Looking for a new paddle?
Whether it’s your first one or you want to step up your game with something new and hot, we’ll help you find what you need.
This complete guide gives you all of the knowledge that you need to make a good decision when you lay those dollars down.
Paddles are not that complicated, but also not so simple. They’re very personal and chosen based on a player’s particular style. So, read this how-to and get ready to rally!
There are 4 basic parts to a table tennis paddle.
- The handle.
- The blade.
- The sponge.
- The rubber.
Different paddles use different grades of materials, so we’ll help you find the right one for you. It does help to know your particular playing style ahead of time so if you can play a little before buying a paddle then – Great!
If not, that’s okay, too.
We’ve got suggestions that we know will help.
Get a Grip!
A “Shakehand” grip is the most common paddle grip. That means that you’re holding the paddle like you would to shake hands with someone.
Another common grip is called the “Penhold”. For this one you hold the paddle kind of like holding chopsticks. It’s held near the top of the handle and below the hand. People who like this grip prefer shorter handles.
If you like to hold the paddle tightly, a straight handle is probably your best friend. If you prefer a little bit of a looser grip, then you’ll probably go with a flared handle.

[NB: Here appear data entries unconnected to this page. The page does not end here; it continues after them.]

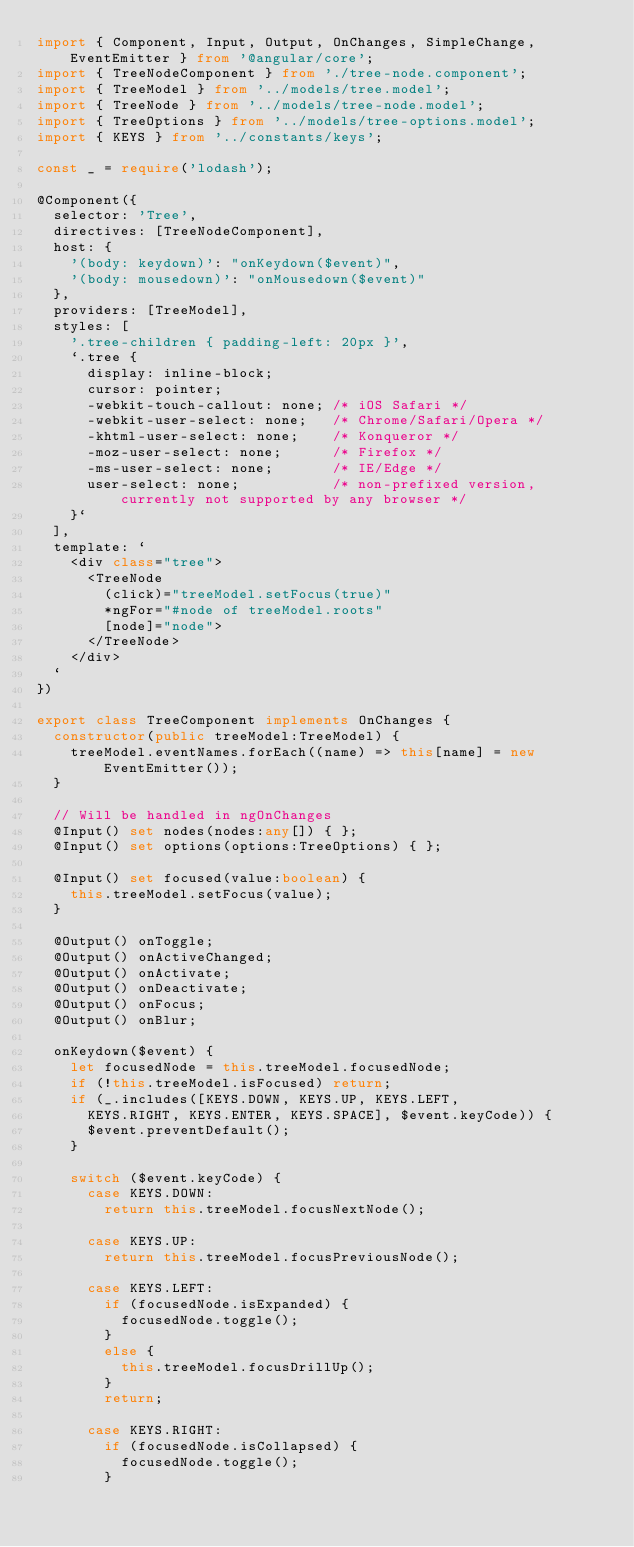Convert code to text. <code><loc_0><loc_0><loc_500><loc_500><_TypeScript_>import { Component, Input, Output, OnChanges, SimpleChange, EventEmitter } from '@angular/core';
import { TreeNodeComponent } from './tree-node.component';
import { TreeModel } from '../models/tree.model';
import { TreeNode } from '../models/tree-node.model';
import { TreeOptions } from '../models/tree-options.model';
import { KEYS } from '../constants/keys';

const _ = require('lodash');

@Component({
  selector: 'Tree',
  directives: [TreeNodeComponent],
  host: {
    '(body: keydown)': "onKeydown($event)",
    '(body: mousedown)': "onMousedown($event)"
  },
  providers: [TreeModel],
  styles: [
    '.tree-children { padding-left: 20px }',
    `.tree {
      display: inline-block;
      cursor: pointer;
      -webkit-touch-callout: none; /* iOS Safari */
      -webkit-user-select: none;   /* Chrome/Safari/Opera */
      -khtml-user-select: none;    /* Konqueror */
      -moz-user-select: none;      /* Firefox */
      -ms-user-select: none;       /* IE/Edge */
      user-select: none;           /* non-prefixed version, currently not supported by any browser */
    }`
  ],
  template: `
    <div class="tree">
      <TreeNode
        (click)="treeModel.setFocus(true)"
        *ngFor="#node of treeModel.roots"
        [node]="node">
      </TreeNode>
    </div>
  `
})

export class TreeComponent implements OnChanges {
  constructor(public treeModel:TreeModel) {
    treeModel.eventNames.forEach((name) => this[name] = new EventEmitter());
  }

  // Will be handled in ngOnChanges
  @Input() set nodes(nodes:any[]) { };
  @Input() set options(options:TreeOptions) { };

  @Input() set focused(value:boolean) {
    this.treeModel.setFocus(value);
  }

  @Output() onToggle;
  @Output() onActiveChanged;
  @Output() onActivate;
  @Output() onDeactivate;
  @Output() onFocus;
  @Output() onBlur;

  onKeydown($event) {
    let focusedNode = this.treeModel.focusedNode;
    if (!this.treeModel.isFocused) return;
    if (_.includes([KEYS.DOWN, KEYS.UP, KEYS.LEFT,
      KEYS.RIGHT, KEYS.ENTER, KEYS.SPACE], $event.keyCode)) {
      $event.preventDefault();
    }

    switch ($event.keyCode) {
      case KEYS.DOWN:
        return this.treeModel.focusNextNode();

      case KEYS.UP:
        return this.treeModel.focusPreviousNode();

      case KEYS.LEFT:
        if (focusedNode.isExpanded) {
          focusedNode.toggle();
        }
        else {
          this.treeModel.focusDrillUp();
        }
        return;

      case KEYS.RIGHT:
        if (focusedNode.isCollapsed) {
          focusedNode.toggle();
        }</code> 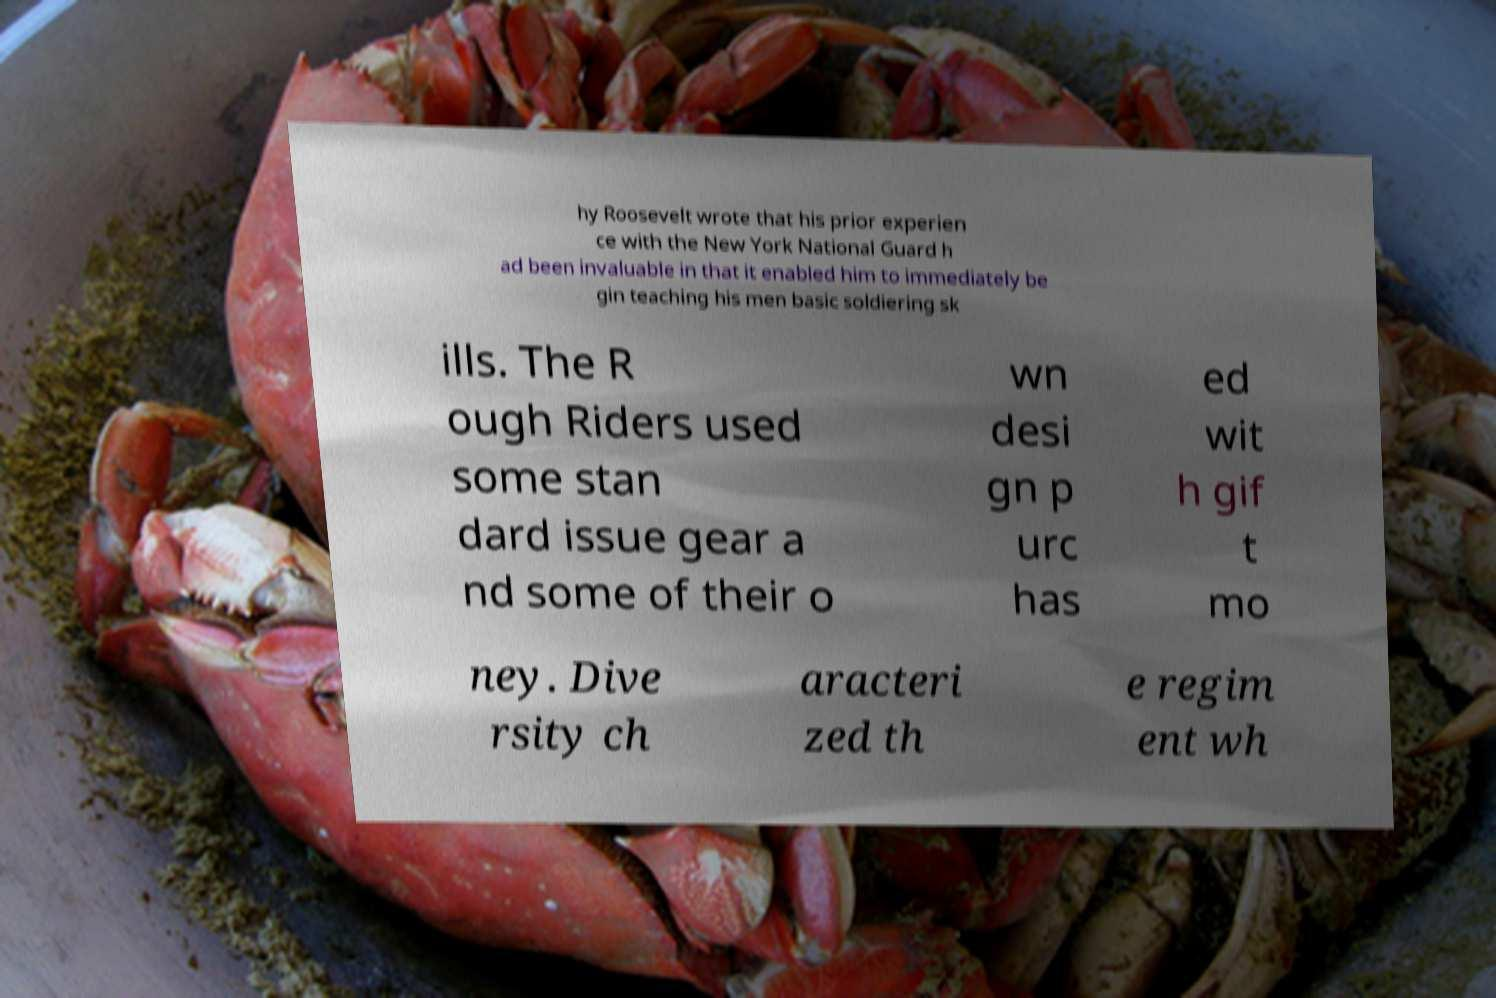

The flare will keep the paddle from sliding out of your hand when you whip off your winning backhand!
You can choose a flared or straight handle, a shorter or longer handle depending on what grip you prefer. If you’re not sure, maybe start with the “Shakehand” grip and a longer, straight handle. You can always buy a new paddle later, but that’s a safe pick for a beginner.
Your style is your own. Choose a paddle that works with your swing and your preferred way of playing the game.
Every opponent has his/her own style, too, so you’ll probably adapt your play to the other player’s style a bit, but you’ll still have your own basic modus operandi.
Do you like to attack with wicked serves or are you more defensive? Do you use shot placement to beat your opponent, setting the player up or do you just wait for the right moment to send the game-ending ball screaming past?
Knowing how you like to play, what your style is, will actually help you to choose the right paddle.
Some players are more aggressive and always looking to spin and control the ball, keep the other player running back and forth and hit the ball hard and fast.
Other players are more defensive and prefer to keep the ball in play, ensure that they return the ball and patiently wait for their opponent to make an error.
Both methods win games. Just find out which one works best for you and go from there.
Blades are the solid, middle part of the paddles. They really determine how much power a paddle can create. A defensive player will usually like a heavier, softer paddle and an aggressive player will go for a lighter, more rigid bladed paddle.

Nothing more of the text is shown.